A palavra corrupção origina-se a partir da palavra grega "corruptos" que significa pútrido, tornar podre. A corrupção somente ganha corpo, alma e sentido quando confrontada com as pressões sociais de nossa cultura, que por sua vez sofre grande influência espacial e temporal, o que encontra respaldo em Rousseau "o homem é fruto do meio".

No rol da corrupção também consta a prece, pois somos agentes corruptos inconscientes.

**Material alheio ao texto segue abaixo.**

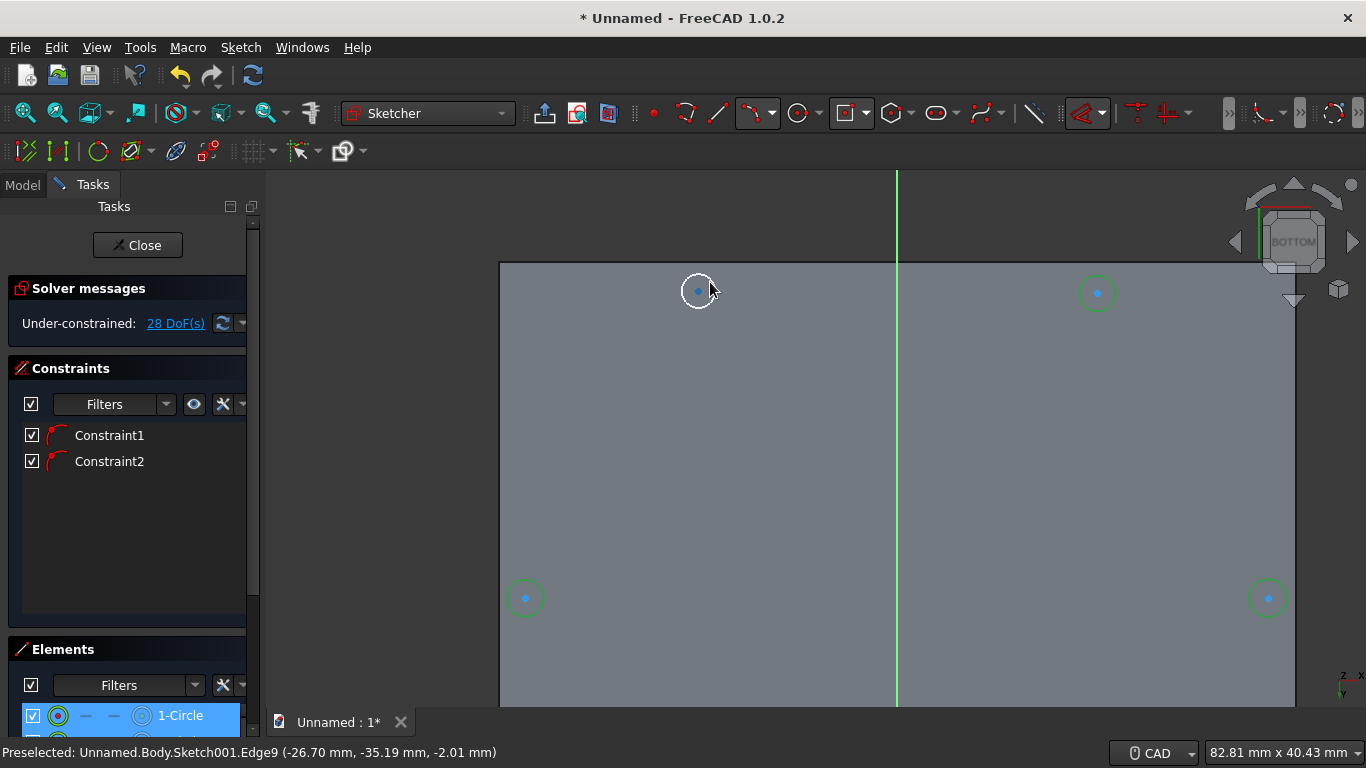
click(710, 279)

Ou seja, nos comprometemos a levar uma vida regrada em troca de um lugar a direita do "sempiterno", imortalidade da alma... sem falar das grandes chantagens como: "se for curado acenderei uma dúzia de velas para santo fulano... subirei de joelhos as escadas de tal santuário, doarei tantas cestas básicas para os pobres...". Desejamos grandes vantagens e elas têm de vir até nós, pois, sair de nossa zona de conforto dá muito trabalho, além do mais, desprendimento e sacrifícios exigem demais da alma que possui queiramos ounão uma vocação natural para o ostracismo.

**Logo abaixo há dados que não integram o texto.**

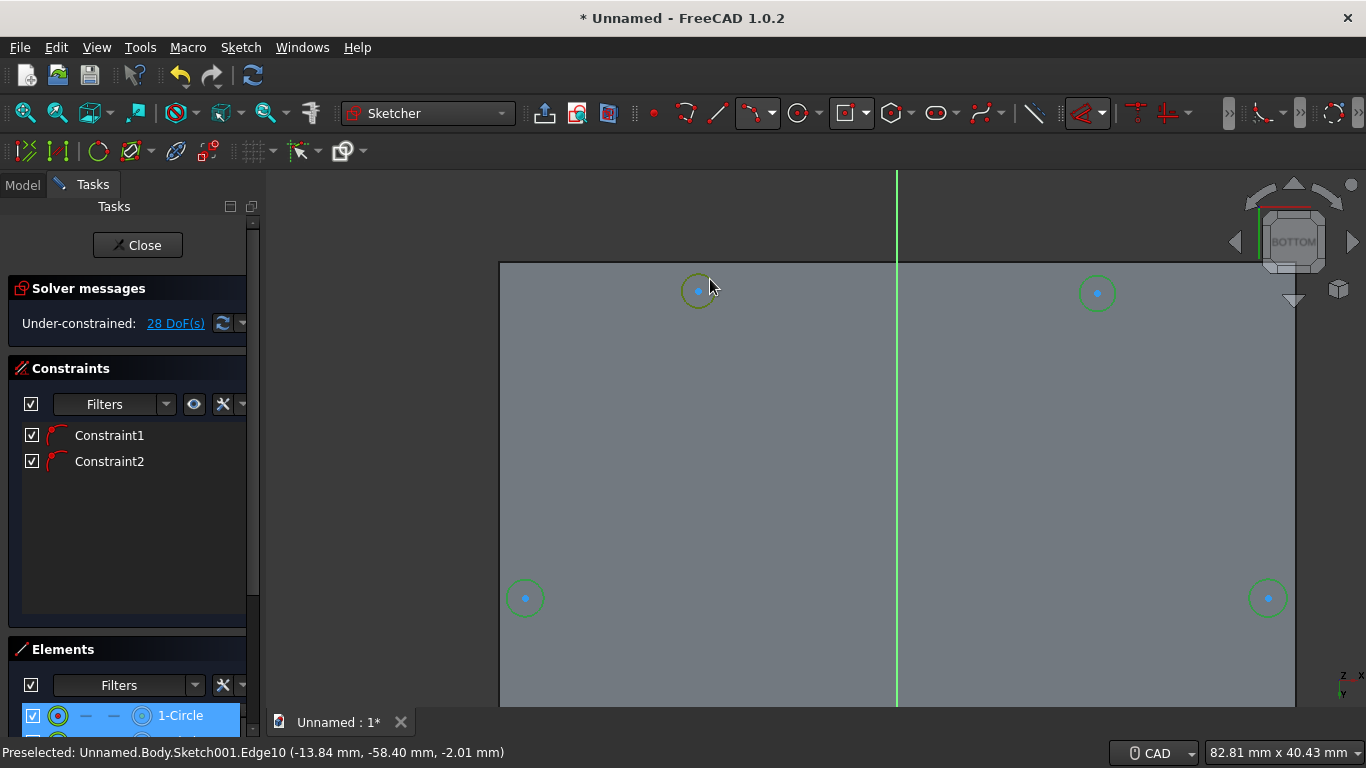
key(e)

Não percebemos, mas realizamos nossas ações em busca de um benefício atual e/ou futuro, como dizia Gerson no antigo comercial do cigarro Villa Rica "Gosto de levar vantagem em tudo, certo? Leve vantagem você também". E nisso, somos mestres, e para não sofrer represarias, mascaramos nossas tão descaradas intenções em boas ações, ou seja, damos uma roupagem colorida e bem comportada ao utilitarismo que carregamos de forma subterrânea e intrinsecamente conosco, sem falar dos eufemismos que empregamos para turvar nossos defeitos, vícios e paixões como: "dar aos pobres" para não dizer "sou co-dependente da caridade, ou seja, preciso manter os menos favorecidos sempre dependentes de minhas migalhas, pois dependo deles para que os que cercam-me possam rotular-me de bom cidadão" e neste jogo nem mesmo o altruísmo escapa, pois ele também é um eufemismo, quem faz, o faz consciente e espera algo em troca.

No entanto, porque agimos e somos assim? Creio que por ainda não termos encontrado um sentido lógico e concreto da existência, necessitamos de marcar, imprimir ao menos nossos passos nela, isto é, necessitamos exercer poder e nos auto-afirmarmos até mesmo para respirar e isso torna-se um exercício diário e inconsciente pelo qual sem perceber vamos levando a vida, sem saber verdadeiramente o que há para além da ultima curva escura da existência humana. Viver resume-se em jogar. O jogo por si só é desonesto. Eis a razão de nossas investidas fantasiosas e de auto-enganação. Resumindo, somos desonestos e corruptos principalmente conosco mesmo.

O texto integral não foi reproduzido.